TASK TO CARRY OUT: In the entries that follow, find the line containing "Enclose each object"; from there, copy every line exactly through the line containing "- truck <box>685,450,750,508</box>".

GIVEN DATA:
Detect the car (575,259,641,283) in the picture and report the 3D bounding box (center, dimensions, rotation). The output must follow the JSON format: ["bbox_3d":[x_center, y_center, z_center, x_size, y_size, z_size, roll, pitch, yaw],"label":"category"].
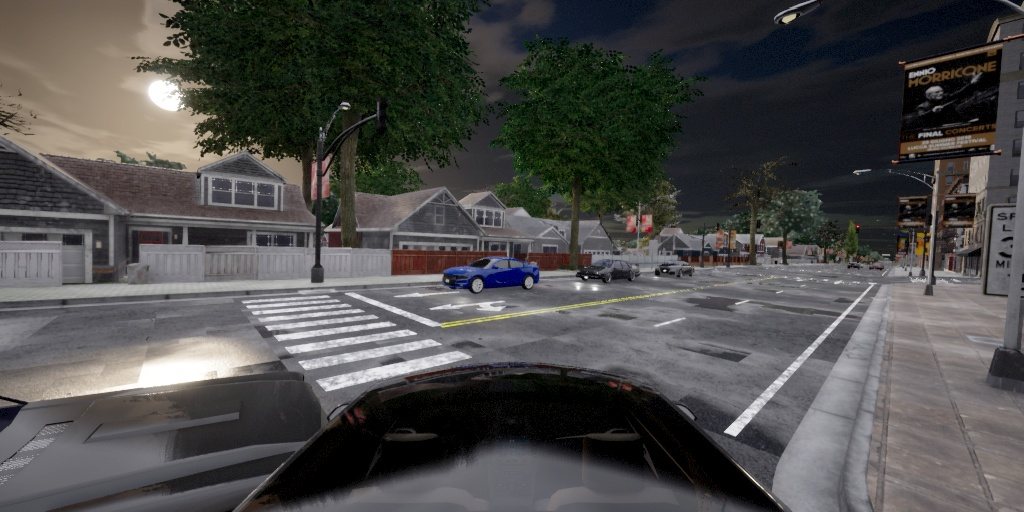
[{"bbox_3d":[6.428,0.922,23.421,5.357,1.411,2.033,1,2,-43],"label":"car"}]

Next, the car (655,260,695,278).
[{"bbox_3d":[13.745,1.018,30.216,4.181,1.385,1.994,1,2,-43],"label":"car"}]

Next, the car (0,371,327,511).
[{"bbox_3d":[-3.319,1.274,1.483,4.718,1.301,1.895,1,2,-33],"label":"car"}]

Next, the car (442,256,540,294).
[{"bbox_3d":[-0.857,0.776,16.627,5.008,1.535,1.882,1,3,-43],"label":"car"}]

* * *

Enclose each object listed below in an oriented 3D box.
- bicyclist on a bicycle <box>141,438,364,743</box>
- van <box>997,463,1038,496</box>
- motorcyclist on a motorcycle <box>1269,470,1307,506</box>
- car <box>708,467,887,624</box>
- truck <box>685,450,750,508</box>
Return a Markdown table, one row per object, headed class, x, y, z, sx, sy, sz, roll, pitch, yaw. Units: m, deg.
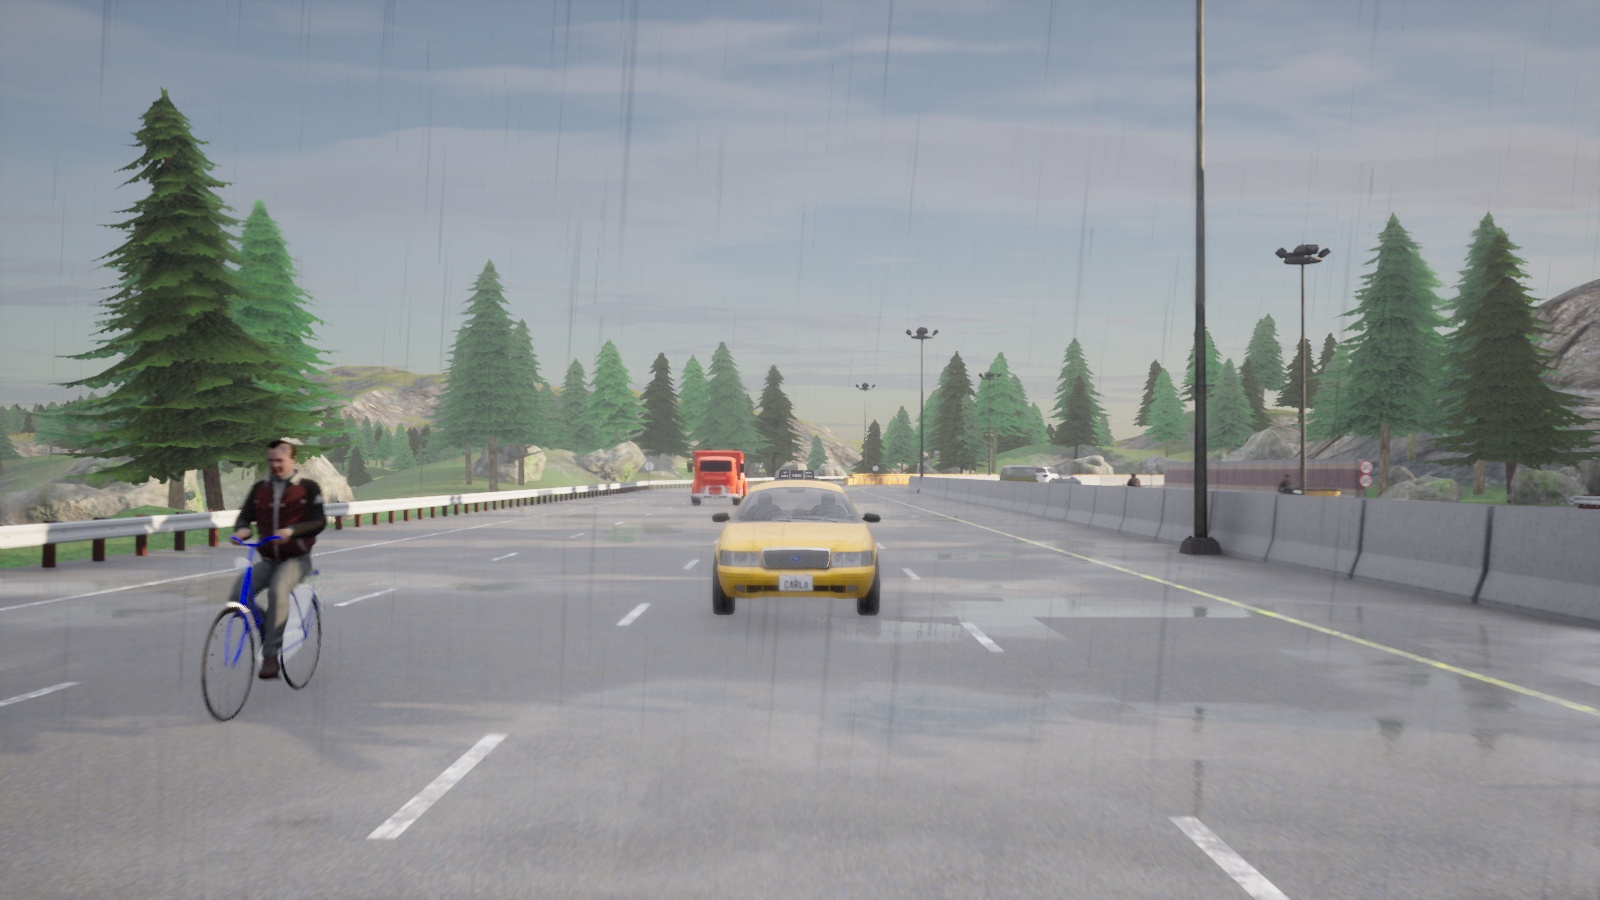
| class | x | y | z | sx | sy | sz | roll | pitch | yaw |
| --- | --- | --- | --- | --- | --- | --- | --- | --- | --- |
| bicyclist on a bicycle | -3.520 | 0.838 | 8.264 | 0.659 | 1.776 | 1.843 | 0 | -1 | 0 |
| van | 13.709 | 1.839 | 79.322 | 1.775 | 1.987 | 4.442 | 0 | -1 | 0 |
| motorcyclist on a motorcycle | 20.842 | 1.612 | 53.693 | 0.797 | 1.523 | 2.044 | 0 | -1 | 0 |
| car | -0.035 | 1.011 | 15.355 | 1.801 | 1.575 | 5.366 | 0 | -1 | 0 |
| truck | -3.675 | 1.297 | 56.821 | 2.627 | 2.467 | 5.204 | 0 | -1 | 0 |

* * *

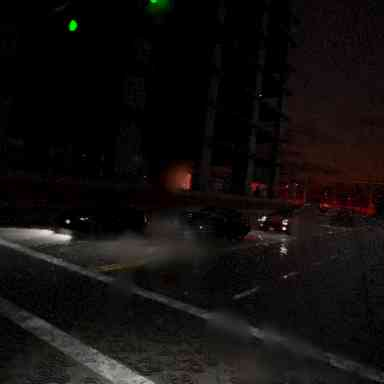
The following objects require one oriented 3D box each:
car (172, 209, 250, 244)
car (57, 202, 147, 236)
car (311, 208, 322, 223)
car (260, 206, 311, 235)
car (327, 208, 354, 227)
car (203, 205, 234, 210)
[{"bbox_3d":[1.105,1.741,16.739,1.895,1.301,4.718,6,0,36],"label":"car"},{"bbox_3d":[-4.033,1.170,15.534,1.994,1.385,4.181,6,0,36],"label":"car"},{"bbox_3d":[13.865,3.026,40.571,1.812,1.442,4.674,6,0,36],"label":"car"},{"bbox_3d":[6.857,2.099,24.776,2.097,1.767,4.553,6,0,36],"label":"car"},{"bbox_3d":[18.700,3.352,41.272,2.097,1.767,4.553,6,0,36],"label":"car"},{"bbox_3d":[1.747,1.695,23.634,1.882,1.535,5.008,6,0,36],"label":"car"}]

RESPONSE FOR THIS EXERCISE:
Enclose each object listed below in an oriented 3D box.
- bicyclist on a bicycle <box>141,438,364,743</box>
- van <box>997,463,1038,496</box>
- motorcyclist on a motorcycle <box>1269,470,1307,506</box>
- car <box>708,467,887,624</box>
- truck <box>685,450,750,508</box>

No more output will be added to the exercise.